◆ TASK OBJECTIVE ◆
A single number is expected: the count of lines in the entries below that contain "concise".

[Items from a data source]
········

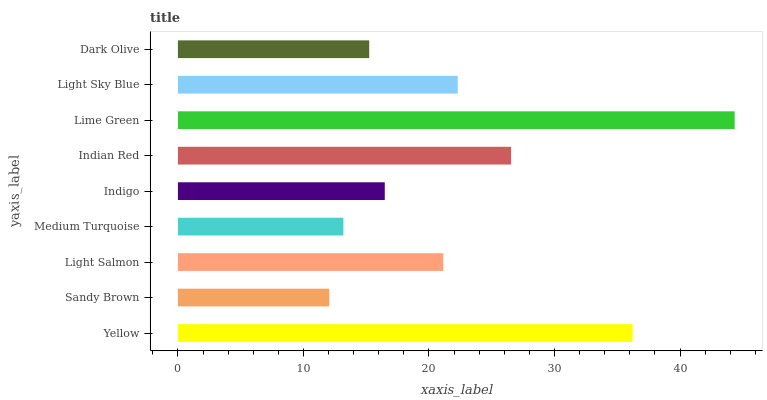Is Sandy Brown the minimum?
Answer yes or no. Yes. Is Lime Green the maximum?
Answer yes or no. Yes. Is Light Salmon the minimum?
Answer yes or no. No. Is Light Salmon the maximum?
Answer yes or no. No. Is Light Salmon greater than Sandy Brown?
Answer yes or no. Yes. Is Sandy Brown less than Light Salmon?
Answer yes or no. Yes. Is Sandy Brown greater than Light Salmon?
Answer yes or no. No. Is Light Salmon less than Sandy Brown?
Answer yes or no. No. Is Light Salmon the high median?
Answer yes or no. Yes. Is Light Salmon the low median?
Answer yes or no. Yes. Is Indian Red the high median?
Answer yes or no. No. Is Dark Olive the low median?
Answer yes or no. No. 
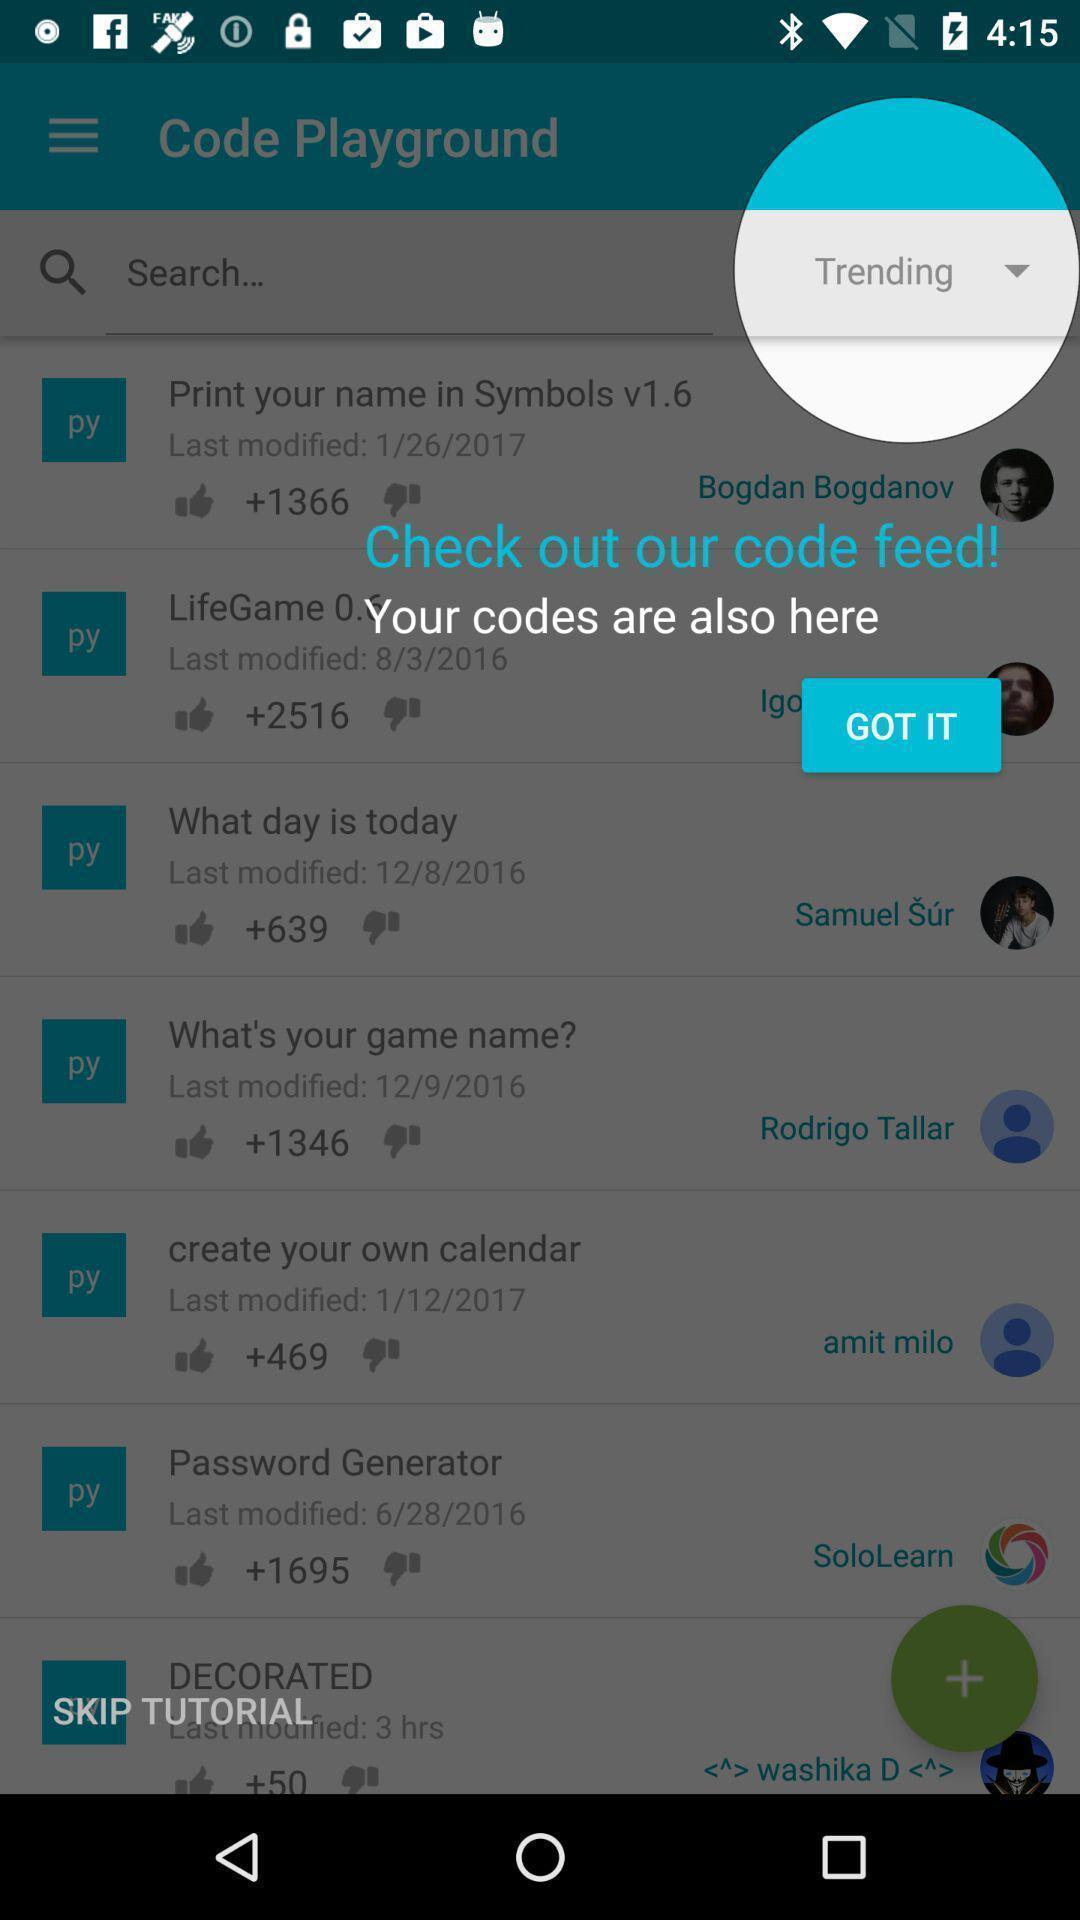Summarize the information in this screenshot. Pop-up shows code feed details in a learning app. 
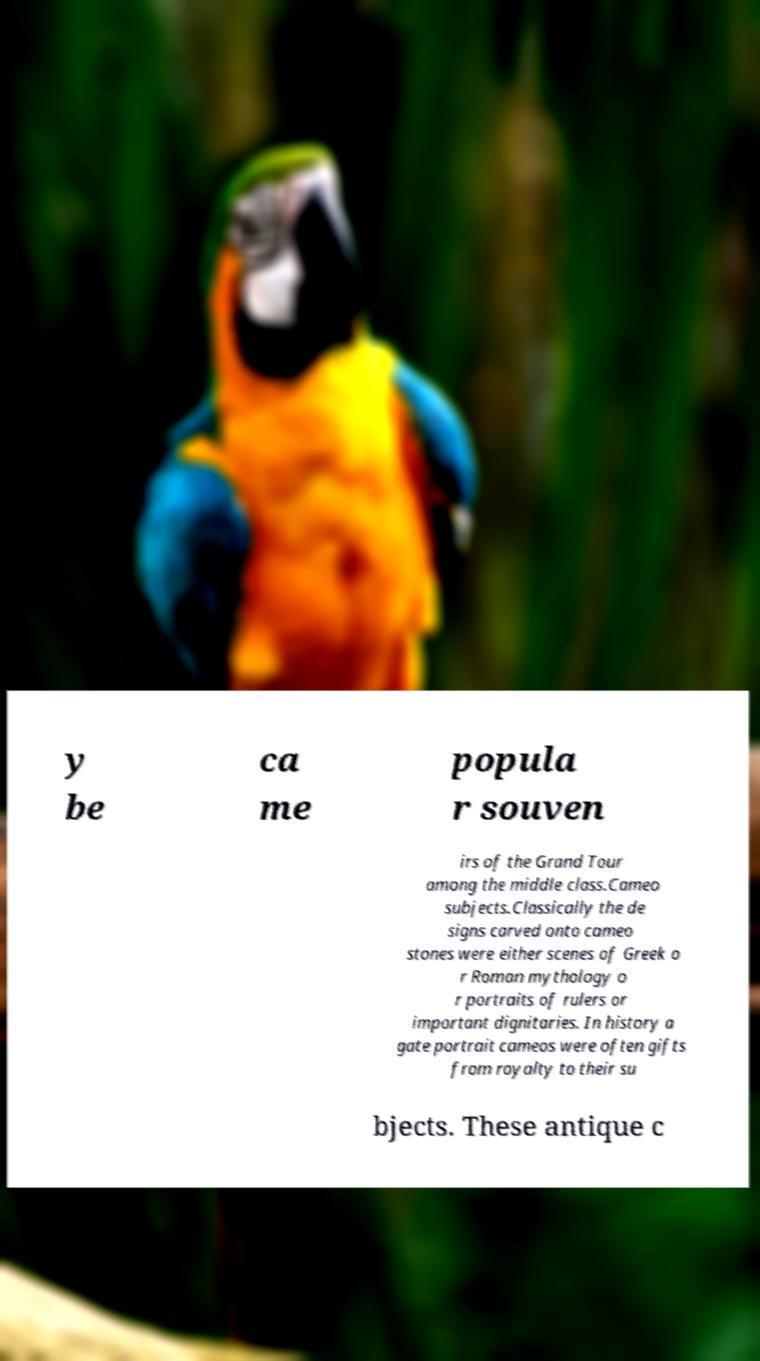Please identify and transcribe the text found in this image. y be ca me popula r souven irs of the Grand Tour among the middle class.Cameo subjects.Classically the de signs carved onto cameo stones were either scenes of Greek o r Roman mythology o r portraits of rulers or important dignitaries. In history a gate portrait cameos were often gifts from royalty to their su bjects. These antique c 
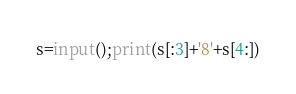Convert code to text. <code><loc_0><loc_0><loc_500><loc_500><_Python_>s=input();print(s[:3]+'8'+s[4:])
</code> 
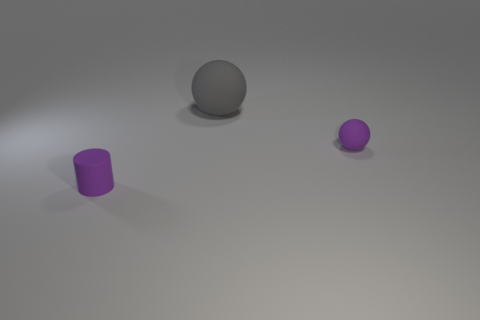Is there a red cube made of the same material as the tiny cylinder?
Your response must be concise. No. There is a purple rubber object left of the large sphere; are there any big gray matte objects that are in front of it?
Offer a very short reply. No. Does the matte object that is to the right of the gray object have the same size as the large gray rubber ball?
Ensure brevity in your answer.  No. The purple matte sphere has what size?
Provide a succinct answer. Small. Are there any small balls of the same color as the big rubber ball?
Give a very brief answer. No. How many small things are purple rubber objects or purple rubber cylinders?
Make the answer very short. 2. There is a object that is right of the tiny cylinder and on the left side of the purple rubber ball; what is its size?
Keep it short and to the point. Large. There is a gray object; what number of purple objects are on the right side of it?
Keep it short and to the point. 1. There is a rubber object that is right of the purple cylinder and on the left side of the tiny purple rubber ball; what shape is it?
Your response must be concise. Sphere. What material is the tiny thing that is the same color as the tiny cylinder?
Your answer should be very brief. Rubber.

········

◆ TASK OUTPUT ◆
2